Dataset excerpts

┄┄┄┄┄┄

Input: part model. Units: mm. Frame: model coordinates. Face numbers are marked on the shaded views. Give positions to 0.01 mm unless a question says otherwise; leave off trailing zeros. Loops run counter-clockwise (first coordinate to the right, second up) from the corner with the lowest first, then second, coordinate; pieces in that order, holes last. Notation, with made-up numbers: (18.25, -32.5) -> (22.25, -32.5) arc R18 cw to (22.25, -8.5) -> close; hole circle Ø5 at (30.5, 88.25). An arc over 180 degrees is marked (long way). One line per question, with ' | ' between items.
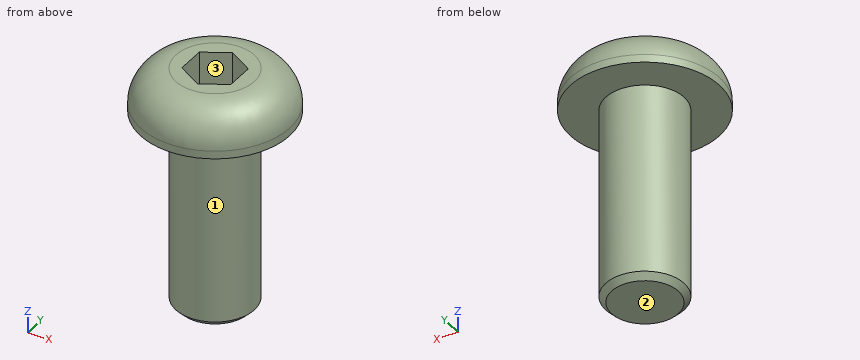
from build123d import *

# Parameters (mm, degrees)
SKETCH1_R           = 3.8
BOSS_EXTRUDE1_DEPTH = 2.2
SKETCH2_R           = 2
BOSS_EXTRUDE2_DEPTH = 10
CHAMFER1_SIZE       = 0.3
CUT_EXTRUDE1_DEPTH  = 2
FILLET1_R           = 1.8


with BuildPart() as part:
    # Sketch1 → Boss-Extrude1 (new body)
    with BuildSketch(Plane.XY):
        Circle(SKETCH1_R)
    extrude(amount=BOSS_EXTRUDE1_DEPTH)

    # Sketch2 → Boss-Extrude2 (add)
    with BuildSketch(Plane(origin=(0, 0, 0), x_dir=(-1, 0, 0), z_dir=(0, 0, -1))):
        Circle(SKETCH2_R)
    extrude(amount=BOSS_EXTRUDE2_DEPTH)

    # Chamfer1
    chamfer1_edges = [part.edges().sort_by_distance(p)[0] for p in [
        (2, 0, -10),
    ]]
    chamfer(chamfer1_edges, length=CHAMFER1_SIZE)

    # Sketch3 → Cut-Extrude1 (cut)
    with BuildSketch(Plane.XY.offset(2.2)):
        Polygon((0, 1.443375673), (-1.25, 0.721687836), (-1.25, -0.721687836), (0, -1.443375673), (1.25, -0.721687836), (1.25, 0.721687836), align=None)
    extrude(amount=-CUT_EXTRUDE1_DEPTH, mode=Mode.SUBTRACT)

    # Fillet1
    fillet1_edges = [part.edges().sort_by_distance(p)[0] for p in [
        (-3.8, 0, 2.2),
    ]]
    fillet(fillet1_edges, radius=FILLET1_R)


solid = part.part
1. Pull-direction query (X, two-part tool) for the marked faces 1, 2 and 3; classes: pulls with the +X half, pulls with the -X half, needs draft (parallel to the pull), parting line crosses it, or undercut.
Determined:
face 1: parting line crosses it | face 2: needs draft | face 3: undercut
2. Ray query, line 1 along X through (y, z) = (0.75, 1); line 2 along Z through (x, y) = (0, 0.5); line 3 along Z through (x, y) = (3.25, 1.5). Return the intervals inside material, ascending. Write a range as from..to.
Determined:
line 1: x = -3.62..-1.2, 1.2..3.62 | line 2: z = -10..0.2 | line 3: z = 0..1.26
3. Section query B-B (z = -1.75). Output: boundary loops of the cut face in (x, y), then the cut area to 3 significant figures.
Determined:
outline: circle Ø4 at (0, 0) | area: 12.6 mm2
4. Section query A-A (y = 0). Output: boundary loops of the cut face in (x, z).
Determined:
outline: (-3.8, 0) -> (-2, 0) -> (-2, -9.7) -> (-1.7, -10) -> (1.7, -10) -> (2, -9.7) -> (2, 0) -> (3.8, 0) -> (3.8, 0.4) arc R1.8 ccw to (2, 2.2) -> (1.25, 2.2) -> (1.25, 0.2) -> (-1.25, 0.2) -> (-1.25, 2.2) -> (-2, 2.2) arc R1.8 ccw to (-3.8, 0.4) -> close
5. Pin query (flat end, axial travel): P1, Ø2, axis at x = -1.5, z = -5.5, coming from the +Y side; P2, Ø4, axis at x = -0.5, z = -5.5, coming from the +Y side; P3, Ø0.7, axis at y = -0.5, z = 1, coming from the -X side. Return the tip coordinate at first contact, or that it passes through.
Determined:
P1: stops at y = 1.94 | P2: stops at y = 2 | P3: stops at x = -3.76

┄┄┄┄┄┄

● Problem requirements
What you return must be every entry, word for word, without any pictures.

● Expected answer
Input: part model. Units: mm. Frame: model coordinates. Face numbers are marked on the shaded views. Give positions to 0.01 mm unless a question says otherwise; leave off trailing zeros. Loops run counter-clockwise (first coordinate to the right, second up) from the corner with the lowest first, then second, coordinate; pieces in that order, holes last. Notation, with made-up numbers: (18.25, -32.5) -> (22.25, -32.5) arc R18 cw to (22.25, -8.5) -> close; hole circle Ø5 at (30.5, 88.25). An arc over 180 degrees is marked (long way). One line per question, with ' | ' between items.
from build123d import *

# Parameters (mm, degrees)
SKETCH1_R           = 3.8
BOSS_EXTRUDE1_DEPTH = 2.2
SKETCH2_R           = 2
BOSS_EXTRUDE2_DEPTH = 10
CHAMFER1_SIZE       = 0.3
CUT_EXTRUDE1_DEPTH  = 2
FILLET1_R           = 1.8


with BuildPart() as part:
    # Sketch1 → Boss-Extrude1 (new body)
    with BuildSketch(Plane.XY):
        Circle(SKETCH1_R)
    extrude(amount=BOSS_EXTRUDE1_DEPTH)

    # Sketch2 → Boss-Extrude2 (add)
    with BuildSketch(Plane(origin=(0, 0, 0), x_dir=(-1, 0, 0), z_dir=(0, 0, -1))):
        Circle(SKETCH2_R)
    extrude(amount=BOSS_EXTRUDE2_DEPTH)

    # Chamfer1
    chamfer1_edges = [part.edges().sort_by_distance(p)[0] for p in [
        (2, 0, -10),
    ]]
    chamfer(chamfer1_edges, length=CHAMFER1_SIZE)

    # Sketch3 → Cut-Extrude1 (cut)
    with BuildSketch(Plane.XY.offset(2.2)):
        Polygon((0, 1.443375673), (-1.25, 0.721687836), (-1.25, -0.721687836), (0, -1.443375673), (1.25, -0.721687836), (1.25, 0.721687836), align=None)
    extrude(amount=-CUT_EXTRUDE1_DEPTH, mode=Mode.SUBTRACT)

    # Fillet1
    fillet1_edges = [part.edges().sort_by_distance(p)[0] for p in [
        (-3.8, 0, 2.2),
    ]]
    fillet(fillet1_edges, radius=FILLET1_R)


solid = part.part
1. Pull-direction query (X, two-part tool) for the marked faces 1, 2 and 3; classes: pulls with the +X half, pulls with the -X half, needs draft (parallel to the pull), parting line crosses it, or undercut.
Determined:
face 1: parting line crosses it | face 2: needs draft | face 3: undercut
2. Ray query, line 1 along X through (y, z) = (0.75, 1); line 2 along Z through (x, y) = (0, 0.5); line 3 along Z through (x, y) = (3.25, 1.5). Return the intervals inside material, ascending. Write a range as from..to.
Determined:
line 1: x = -3.62..-1.2, 1.2..3.62 | line 2: z = -10..0.2 | line 3: z = 0..1.26
3. Section query B-B (z = -1.75). Output: boundary loops of the cut face in (x, y), then the cut area to 3 significant figures.
Determined:
outline: circle Ø4 at (0, 0) | area: 12.6 mm2
4. Section query A-A (y = 0). Output: boundary loops of the cut face in (x, z).
Determined:
outline: (-3.8, 0) -> (-2, 0) -> (-2, -9.7) -> (-1.7, -10) -> (1.7, -10) -> (2, -9.7) -> (2, 0) -> (3.8, 0) -> (3.8, 0.4) arc R1.8 ccw to (2, 2.2) -> (1.25, 2.2) -> (1.25, 0.2) -> (-1.25, 0.2) -> (-1.25, 2.2) -> (-2, 2.2) arc R1.8 ccw to (-3.8, 0.4) -> close
5. Pin query (flat end, axial travel): P1, Ø2, axis at x = -1.5, z = -5.5, coming from the +Y side; P2, Ø4, axis at x = -0.5, z = -5.5, coming from the +Y side; P3, Ø0.7, axis at y = -0.5, z = 1, coming from the -X side. Return the tip coordinate at first contact, or that it passes through.
Determined:
P1: stops at y = 1.94 | P2: stops at y = 2 | P3: stops at x = -3.76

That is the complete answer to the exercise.